What leaches like Kerr forget is that in a capitalist economy if an employer doesn't invest in their sector their competitors will.....dog eats dog. The government needs to bravely face them off, tell them to lose "confidence", let's open up your market to real competitors. Watch the buggers run. And tell functionaries like Kerr that they can pay for unemployment by high top end tax. Face them down.

Gerald said...

Many years ago I had (attempted) a discussion with Sonia Davies. Her union represented the workforce in a manufacturing company in the Wairarapa that had just gone into liquidation. The business had been closed and the liquidator was selling the assets to meet some of the debts that were outstanding. I suggested to Sonia that if her union was to purchase these assets at their "fire sale" price, the industry could continue to produce. All her union members could keep their jobs and the business could be run with union people in charge. Such an enterprise could set a benchmark for how workers could benefit from profit sharing with no greedy employers to take advantage of their honest toiling. It could have been a shining example of how worker participation in management could succeed where existing workplaces could not. The discussion very quickly petered out. It seemed that the worker/boss model, however unpalatable for the workforce, was still the only viable option in the 20th century.

sumsuch said...

Social-democracy is two parties, the strong and the others. Where the others are divided, it goes awry. Where they are united it is, well, Scandinavia. Each party needs the other. But it needs a Savage for the others. The Rich need their heads to be butted so-ly.

The 'much awarded' 'Secrets of the Magna Carta' on Sky gives an insight into how the modern rich may view their place in the 'partnership'. FDR viewed as an obstruction to the individual's wealth creation. A clenched fist needed on the people's side I can't imagine modern Labour forming. From their own individual easy entrances to the elite.

At the end of resources the people need to take the senior role in the partnership. The problem is the cleft between the people and the (now mixed meritocratically) strong will come as a cliff. I'd like your vision of the next 10,20, 30 years. I'm scared of the next 15 since all the climate change predictions are running ahead. The only strength of Right blogs are their wild theories about the future.
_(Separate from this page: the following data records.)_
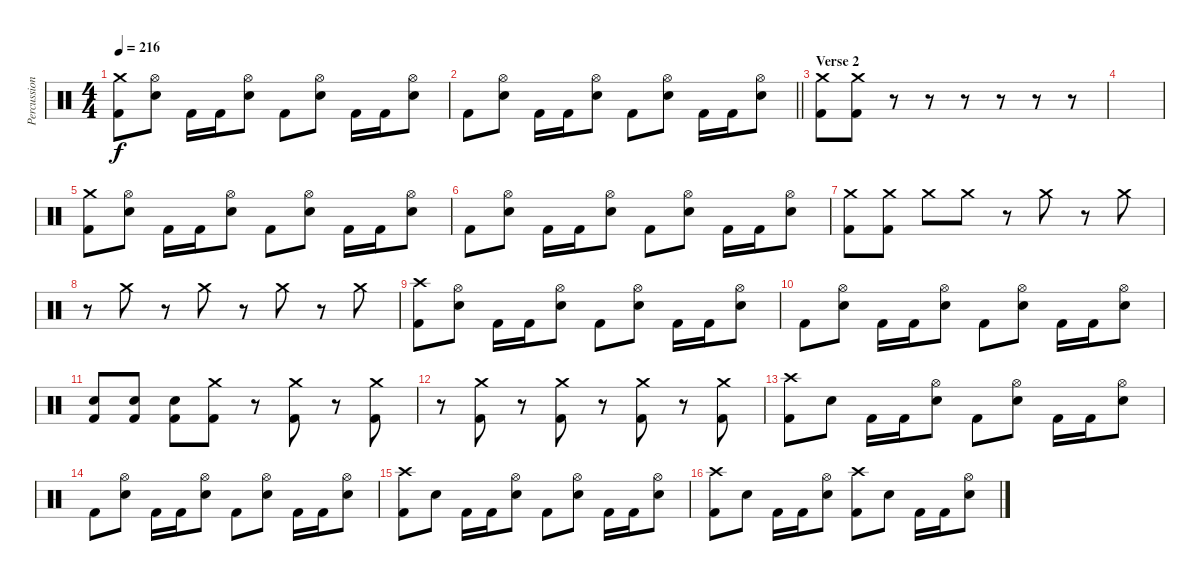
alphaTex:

\track ("Percussions" "Percussion") {instrument percussion}
\staff {score}
\articulation defaults
\ts (4 4)
\tempo 216
\clef neutral
\ks c
("Crash medium (hit)" "Kick (hit) 2").8{dy f} ("Hi-Hat (open)" "Electric Snare (hit)").8 "Kick (hit) 2".16 "Kick (hit) 2".16 ("Hi-Hat (open)" "Electric Snare (hit)").8 "Kick (hit) 2".8 ("Hi-Hat (open)" "Electric Snare (hit)").8 "Kick (hit) 2".16 "Kick (hit) 2".16 ("Hi-Hat (open)" "Electric Snare (hit)").8 |
\barLineRight lightlight "Kick (hit) 2".8
("Hi-Hat (open)" "Electric Snare (hit)").8 "Kick (hit) 2".16 "Kick (hit) 2".16 ("Hi-Hat (open)" "Electric Snare (hit)").8 "Kick (hit) 2".8 ("Hi-Hat (open)" "Electric Snare (hit)").8 "Kick (hit) 2".16 "Kick (hit) 2".16 ("Hi-Hat (open)" "Electric Snare (hit)").8 |
\section ("" "Verse 2")
("Crash medium (hit)" "Kick (hit) 2").8 ("Crash medium (hit)" "Kick (hit) 2").8 r.8 r.8 r.8 r.8 r.8 r.8 |
|
("Crash medium (hit)" "Kick (hit) 2").8 ("Hi-Hat (open)" "Electric Snare (hit)").8 "Kick (hit) 2".16 "Kick (hit) 2".16 ("Hi-Hat (open)" "Electric Snare (hit)").8 "Kick (hit) 2".8 ("Hi-Hat (open)" "Electric Snare (hit)").8 "Kick (hit) 2".16 "Kick (hit) 2".16 ("Hi-Hat (open)" "Electric Snare (hit)").8 |
"Kick (hit) 2".8 ("Hi-Hat (open)" "Electric Snare (hit)").8 "Kick (hit) 2".16 "Kick (hit) 2".16 ("Hi-Hat (open)" "Electric Snare (hit)").8 "Kick (hit) 2".8 ("Hi-Hat (open)" "Electric Snare (hit)").8 "Kick (hit) 2".16 "Kick (hit) 2".16 ("Hi-Hat (open)" "Electric Snare (hit)").8 |
("Crash medium (hit)" "Kick (hit) 2").8 ("Crash medium (hit)" "Kick (hit) 2").8 "Crash medium (hit)".8 "Crash medium (hit)".8 r.8 "Crash medium (hit)".8 r.8 "Crash medium (hit)".8 |
r.8 "Crash medium (hit)".8 r.8 "Crash medium (hit)".8 r.8 "Crash medium (hit)".8 r.8 "Crash medium (hit)".8 |
("Crash high (hit)" "Kick (hit) 2").8 ("Hi-Hat (open)" "Electric Snare (hit)").8 "Kick (hit) 2".16 "Kick (hit) 2".16 ("Hi-Hat (open)" "Electric Snare (hit)").8 "Kick (hit) 2".8 ("Hi-Hat (open)" "Electric Snare (hit)").8 "Kick (hit) 2".16 "Kick (hit) 2".16 ("Hi-Hat (open)" "Electric Snare (hit)").8 |
"Kick (hit) 2".8 ("Hi-Hat (open)" "Electric Snare (hit)").8 "Kick (hit) 2".16 "Kick (hit) 2".16 ("Hi-Hat (open)" "Electric Snare (hit)").8 "Kick (hit) 2".8 ("Hi-Hat (open)" "Electric Snare (hit)").8 "Kick (hit) 2".16 "Kick (hit) 2".16 ("Hi-Hat (open)" "Electric Snare (hit)").8 |
("Electric Snare (hit)" "Kick (hit) 2").8 ("Electric Snare (hit)" "Kick (hit) 2").8 ("Electric Snare (hit)" "Kick (hit) 2").8 ("Crash medium (hit)" "Kick (hit) 2").8 r.8 ("Crash medium (hit)" "Kick (hit) 2").8 r.8 ("Crash medium (hit)" "Kick (hit) 2").8 |
r.8 ("Crash medium (hit)" "Kick (hit) 2").8 r.8 ("Crash medium (hit)" "Kick (hit) 2").8 r.8 ("Crash medium (hit)" "Kick (hit) 2").8 r.8 ("Crash medium (hit)" "Kick (hit) 2").8 |
("Crash high (hit)" "Kick (hit) 2").8 "Electric Snare (hit)".8 "Kick (hit) 2".16 "Kick (hit) 2".16 ("Hi-Hat (open)" "Electric Snare (hit)").8 "Kick (hit) 2".8 ("Hi-Hat (open)" "Electric Snare (hit)").8 "Kick (hit) 2".16 "Kick (hit) 2".16 ("Hi-Hat (open)" "Electric Snare (hit)").8 |
"Kick (hit) 2".8 ("Hi-Hat (open)" "Electric Snare (hit)").8 "Kick (hit) 2".16 "Kick (hit) 2".16 ("Hi-Hat (open)" "Electric Snare (hit)").8 "Kick (hit) 2".8 ("Hi-Hat (open)" "Electric Snare (hit)").8 "Kick (hit) 2".16 "Kick (hit) 2".16 ("Hi-Hat (open)" "Electric Snare (hit)").8 |
("Crash high (hit)" "Kick (hit) 2").8 "Electric Snare (hit)".8 "Kick (hit) 2".16 "Kick (hit) 2".16 ("Hi-Hat (open)" "Electric Snare (hit)").8 "Kick (hit) 2".8 ("Hi-Hat (open)" "Electric Snare (hit)").8 "Kick (hit) 2".16 "Kick (hit) 2".16 ("Hi-Hat (open)" "Electric Snare (hit)").8 |
("Crash high (hit)" "Kick (hit) 2").8 "Electric Snare (hit)".8 "Kick (hit) 2".16 "Kick (hit) 2".16 ("Hi-Hat (open)" "Electric Snare (hit)").8 ("Crash high (hit)" "Kick (hit) 2").8 "Electric Snare (hit)".8 "Kick (hit) 2".16 "Kick (hit) 2".16 ("Hi-Hat (open)" "Electric Snare (hit)").8

How would it roll out? How would the rich look after themselves to our detriment?

Patricia said...

May I suggest that your readers listen or watch Bill Michell, or Randall Wray or Stephanie Kelton on YouTube on how our fiat monetary system works. Bill Mitchell’s book “Reclaiming the State’ is a good read too

sumsuch said...

You seem to be emigrating south, newspaper-wise, Chris. There is a chap columnating in Hawke's Bay Today along your (and my) line but otherwise we increasingly get the powerful's idea of who represents the people in the main media. Soon we'll be at that shining light of where the rich rule all -- don't need to name the exemplary and commonly despised country. Big ups to Otago University's Bryce Edwards(?) though.

greywarbler said...

Patricia
Those speakers seem good especially Bill Mitchell. But I believe them and find it alarming that they can tell us the facts, yet so many people have swallowed the current blarney from gummint, big business, Fed Farmers and Treasury, the Four Musketeers, that they can get away with finagling and
oppressing welfare recipients in the Bleak House approach we are hearing.
Also swopping our jobs for a plateful of magic beans and a stall in the market.

Sumsuch
I think Brian Easton is probably going to appeal to you. He seems to have worthy understandings. And of course you read Gordon Campbell (Werewolf) at Scoop.